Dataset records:
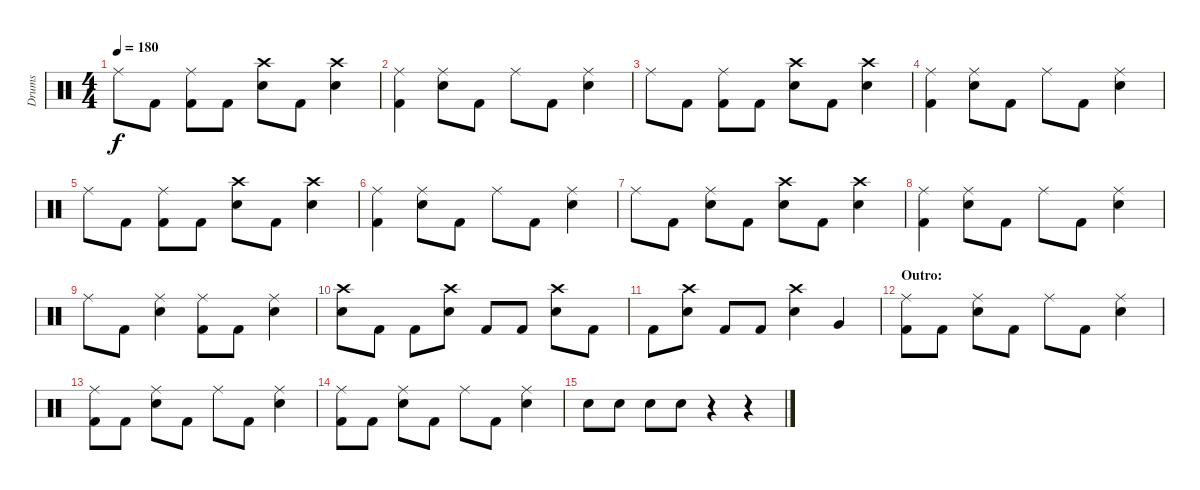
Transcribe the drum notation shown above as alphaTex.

\track ("Drums" "Drums") {instrument percussion}
\staff {score}
\articulation defaults
\ts (4 4)
\tempo 180
\clef neutral
\ks c "Ride (middle)".8{dy f} "Kick (hit) 2".8
("Ride (middle)" "Kick (hit) 2").8 "Kick (hit) 2".8 ("Crash high (hit)" "Electric Snare (hit)").8 "Kick (hit) 2".8 ("Crash high (hit)" "Electric Snare (hit)").4 |
("Ride (middle)" "Kick (hit) 2").4 ("Ride (middle)" "Electric Snare (hit)").8 "Kick (hit) 2".8 "Ride (middle)".8 "Kick (hit) 2".8 ("Ride (middle)" "Electric Snare (hit)").4 |
"Ride (middle)".8 "Kick (hit) 2".8 ("Ride (middle)" "Kick (hit) 2").8 "Kick (hit) 2".8 ("Crash high (hit)" "Electric Snare (hit)").8 "Kick (hit) 2".8 ("Crash high (hit)" "Electric Snare (hit)").4 |
("Ride (middle)" "Kick (hit) 2").4 ("Ride (middle)" "Electric Snare (hit)").8 "Kick (hit) 2".8 "Ride (middle)".8 "Kick (hit) 2".8 ("Ride (middle)" "Electric Snare (hit)").4 |
"Ride (middle)".8 "Kick (hit) 2".8 ("Ride (middle)" "Kick (hit) 2").8 "Kick (hit) 2".8 ("Crash high (hit)" "Electric Snare (hit)").8 "Kick (hit) 2".8 ("Crash high (hit)" "Electric Snare (hit)").4 |
("Ride (middle)" "Kick (hit) 2").4 ("Ride (middle)" "Electric Snare (hit)").8 "Kick (hit) 2".8 "Ride (middle)".8 "Kick (hit) 2".8 ("Ride (middle)" "Electric Snare (hit)").4 |
"Ride (middle)".8 "Kick (hit) 2".8 ("Ride (middle)" "Electric Snare (hit)").8 "Kick (hit) 2".8 ("Crash high (hit)" "Electric Snare (hit)").8 "Kick (hit) 2".8 ("Crash high (hit)" "Electric Snare (hit)").4 |
("Ride (middle)" "Kick (hit) 2").4 ("Ride (middle)" "Electric Snare (hit)").8 "Kick (hit) 2".8 "Ride (middle)".8 "Kick (hit) 2".8 ("Ride (middle)" "Electric Snare (hit)").4 |
"Ride (middle)".8 "Kick (hit) 2".8 ("Ride (middle)" "Electric Snare (hit)").4 ("Ride (middle)" "Kick (hit) 2").8 "Kick (hit) 2".8 ("Ride (middle)" "Electric Snare (hit)").4 |
("Crash high (hit)" "Electric Snare (hit)").8 "Kick (hit) 2".8 "Kick (hit) 2".8 ("Crash high (hit)" "Electric Snare (hit)").8 "Kick (hit) 2".8 "Kick (hit) 2".8 ("Crash high (hit)" "Electric Snare (hit)").8 "Kick (hit) 2".8 |
"Kick (hit) 2".8 ("Crash high (hit)" "Electric Snare (hit)").8 "Kick (hit) 2".8 "Kick (hit) 2".8 ("Crash high (hit)" "Electric Snare (hit)").4 "Very Low Tom (hit)".4 |
\section ("" "Outro:")
("Ride (middle)" "Kick (hit) 2").8 "Kick (hit) 2".8 ("Ride (middle)" "Electric Snare (hit)").8 "Kick (hit) 2".8 "Ride (middle)".8 "Kick (hit) 2".8 ("Ride (middle)" "Electric Snare (hit)").4 |
("Ride (middle)" "Kick (hit) 2").8 "Kick (hit) 2".8 ("Ride (middle)" "Electric Snare (hit)").8 "Kick (hit) 2".8 "Ride (middle)".8 "Kick (hit) 2".8 ("Ride (middle)" "Electric Snare (hit)").4 |
("Ride (middle)" "Kick (hit) 2").8 "Kick (hit) 2".8 ("Ride (middle)" "Electric Snare (hit)").8 "Kick (hit) 2".8 "Ride (middle)".8 "Kick (hit) 2".8 ("Ride (middle)" "Electric Snare (hit)").4 |
"Electric Snare (hit)".8 "Electric Snare (hit)".8 "Electric Snare (hit)".8 "Electric Snare (hit)".8 r.4 r.4

The problem —
Starting from the records above, filter out all lines except those containing the word "high".

Output of the exercise —
("Ride (middle)" "Kick (hit) 2").8 "Kick (hit) 2".8 ("Crash high (hit)" "Electric Snare (hit)").8 "Kick (hit) 2".8 ("Crash high (hit)" "Electric Snare (hit)").4 |
"Ride (middle)".8 "Kick (hit) 2".8 ("Ride (middle)" "Kick (hit) 2").8 "Kick (hit) 2".8 ("Crash high (hit)" "Electric Snare (hit)").8 "Kick (hit) 2".8 ("Crash high (hit)" "Electric Snare (hit)").4 |
"Ride (middle)".8 "Kick (hit) 2".8 ("Ride (middle)" "Kick (hit) 2").8 "Kick (hit) 2".8 ("Crash high (hit)" "Electric Snare (hit)").8 "Kick (hit) 2".8 ("Crash high (hit)" "Electric Snare (hit)").4 |
"Ride (middle)".8 "Kick (hit) 2".8 ("Ride (middle)" "Electric Snare (hit)").8 "Kick (hit) 2".8 ("Crash high (hit)" "Electric Snare (hit)").8 "Kick (hit) 2".8 ("Crash high (hit)" "Electric Snare (hit)").4 |
("Crash high (hit)" "Electric Snare (hit)").8 "Kick (hit) 2".8 "Kick (hit) 2".8 ("Crash high (hit)" "Electric Snare (hit)").8 "Kick (hit) 2".8 "Kick (hit) 2".8 ("Crash high (hit)" "Electric Snare (hit)").8 "Kick (hit) 2".8 |
"Kick (hit) 2".8 ("Crash high (hit)" "Electric Snare (hit)").8 "Kick (hit) 2".8 "Kick (hit) 2".8 ("Crash high (hit)" "Electric Snare (hit)").4 "Very Low Tom (hit)".4 |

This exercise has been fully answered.